KeywordsAlamouti coding MIMO channels Scattering Channel estimation DPSS Wiener filter STBC STTD
High-quality channel state information (CSI) is essential for reliable performance of any practical communication system. The most popular approach is estimation via training sequences (pilots) which are periodically inserted into the data stream [1–3]. The receiver extracts pilot sequences and, relying on the knowledge of channel statistics, performs the estimation. For simulation purposes, Rayleigh fading channels with Jake’s spectrum  and real-valued auto-covariance function are usually assumed, for example in works [1–3, 5, 6]. This is the worst case scenario, since there is no preferable angle of arrival (AoA). Therefore, it leads to unnecessarily large amount of pilots needed for reliable estimation, which is inefficient. Moreover, practical channels usually exhibit non-symmetric spectrum and complex-valued auto-covariance functions. This work is focused on the estimation in a realistic urban environment. Hence, our goal is to account for a complex scenario, which describes scattering from one or more narrow clusters near the mobile, what results in the presence of diffusive components in received signal coming from particular AoA, and to provide qualitative analysis of estimation in different real-life scattering scenarios. Measurements show, that realistic spectrum could be represented as a sum of sub channels with a narrow and rectangular spectra [7, 8]. Therefore, we can assume that the signal spectrum can be approximated as a group of distinct rectangles (corresponding to different clusters) and not as a classical Jake’s bathtub shape. Such representation allows us to perform more practical analysis of communication link and obtain more sensible results of estimation quality.
Channel basis expansion models (BEM) recently gained attention due to simplicity of their implementation . For example, some models describing Jake’s spectrum include complex-exponential BEM  or polynomial BEM . Discrete Karhunen-Loeve BEM is optimal in mean square error (MSE) sense [11, 12]. In this expansion, optimal set of basis functions depends on the spectrum shape. It was shown in [11, 13] that for a rectangular-shaped spectrum, a set of discrete prolate spheroidal sequences (DPSS) is optimal. Moreover, with the assumption that the spectrum can be approximated as an aggregate of rectangles, DPSS would provide a universal basis expansion. The channel model we use is described by a four-dimensional tensor of MDPSS representing channel response . By modulation of the bandwidth of a set of DPSS, we achieve different scattering scenarios with parameters defined by theoretical models or/and measurements .
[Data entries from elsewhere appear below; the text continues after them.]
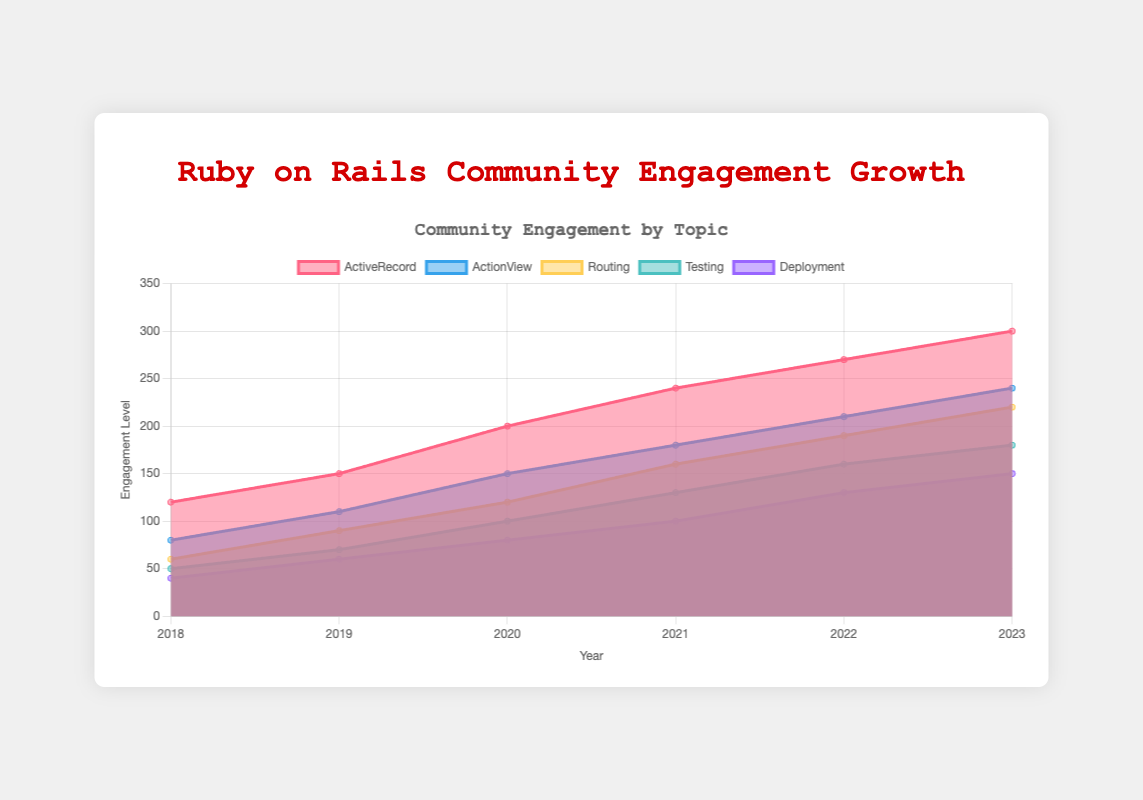What is the title of the chart? The title of the chart is displayed prominently at the top of the figure.
Answer: Ruby on Rails Community Engagement Growth How many topics are represented in the area chart? By observing the legend and the different colored areas, we can count five distinct topics.
Answer: Five What trend is displayed by the 'ActiveRecord' engagement from 2018 to 2023? The 'ActiveRecord' engagement shows a steady increase over the years from 120 in 2018 to 300 in 2023.
Answer: Steady increase Which topic had the highest engagement in 2023? By looking at the labels and their corresponding values in 2023, 'ActiveRecord' had the highest engagement with a value of 300.
Answer: ActiveRecord Compare the 'Deployment' engagement in 2020 and 2023. How much did it increase by? The 'Deployment' engagement in 2020 was 80, and in 2023 it was 150. The increase is calculated as 150 - 80.
Answer: 70 What was the engagement level for 'ActionView' in 2021? By locating the 'ActionView' dataset and matching it to the year 2021, we find the engagement level was 180.
Answer: 180 Did any topic show a decrease in engagement over the years? Observing all the datasets over the years, none of the topics showed a decrease; they all trended upwards.
Answer: No Which topic had the second highest engagement level in 2022? By comparing the engagement levels of each topic in 2022, 'ActionView' had the second highest engagement with a value of 210.
Answer: ActionView Calculate the total community engagement across all topics in 2019. Add the engagement values of all topics for 2019: 150 (ActiveRecord) + 110 (ActionView) + 90 (Routing) + 70 (Testing) + 60 (Deployment) = 480.
Answer: 480 What is the average increase in engagement for 'Testing' from 2018 to 2023? First, calculate the total increase over the years: 180 (2023) - 50 (2018) = 130. Then, divide by the number of years: 130 / (2023 - 2018) = 130 / 5.
Answer: 26 
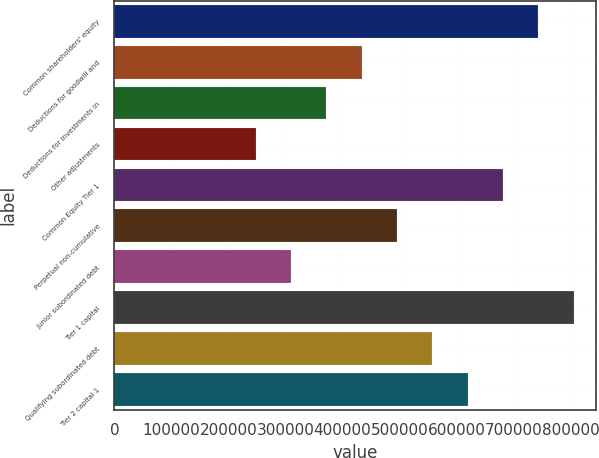Convert chart. <chart><loc_0><loc_0><loc_500><loc_500><bar_chart><fcel>Common shareholders' equity<fcel>Deductions for goodwill and<fcel>Deductions for investments in<fcel>Other adjustments<fcel>Common Equity Tier 1<fcel>Perpetual non-cumulative<fcel>Junior subordinated debt<fcel>Tier 1 capital<fcel>Qualifying subordinated debt<fcel>Tier 2 capital 1<nl><fcel>743057<fcel>433454<fcel>371533<fcel>247692<fcel>681137<fcel>495375<fcel>309612<fcel>804978<fcel>557295<fcel>619216<nl></chart> 
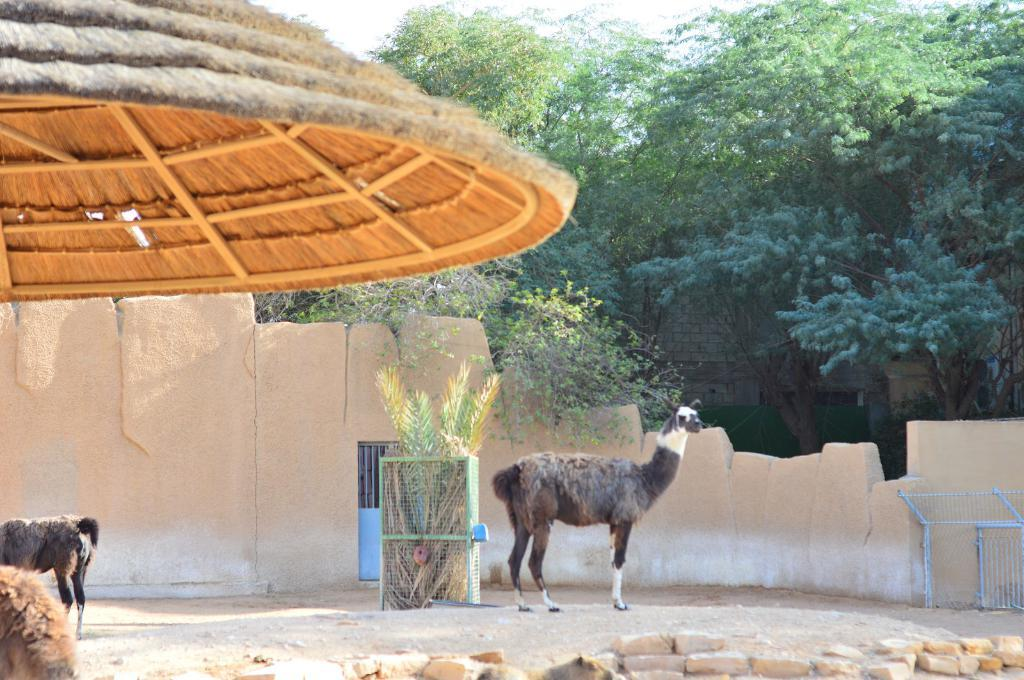What type of structure is in the image? There is a hut in the image. What can be seen on the road in the image? Animals are standing on the road in the image. What type of material is present in the image? Stones are present in the image. What type of architectural feature is visible in the image? Walls are visible in the image. What type of vegetation is present in the image? Trees are present in the image. What type of man-made structures are visible in the image? Buildings are visible in the image. What part of the natural environment is visible in the image? The sky is visible in the image. How many pizzas are being served in the hut in the image? There is no mention of pizzas in the image; it only features a hut, animals, stones, walls, trees, buildings, and the sky. Can you see a rat in the image? There is no rat present in the image. 
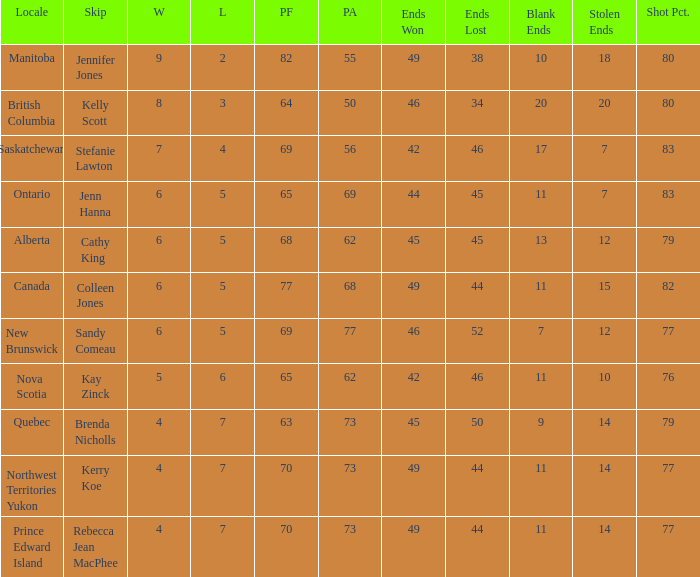What is the PA when the skip is Colleen Jones? 68.0.

V2V communication is accompanied by the movement of both receive and transmit sides with low elevation antennas and scatterers, which are assumed to be located on perimeters of multiple co-focal ellipses (with the receiver and the transmitter at ellipses’ foci). MDPSS channel model is a regular-shaped geometry-based stochastic model (RS-GBSM), which is very flexible in definition of the geometry and location of different clusters in Moderate Spatial Scale (MSS) or Small Spatial Scale (SSS) scenarios . Furthermore, this model is suitable for application in both V2I and V2V scenarios, as it gives us the control over definition of the motion of both communication sides. Thereafter, we evaluate how scattering from narrow clusters affects estimation quality of the mobile. These results could be further used in analysis and optimization of IP-level protocols, such as PMIPv6 .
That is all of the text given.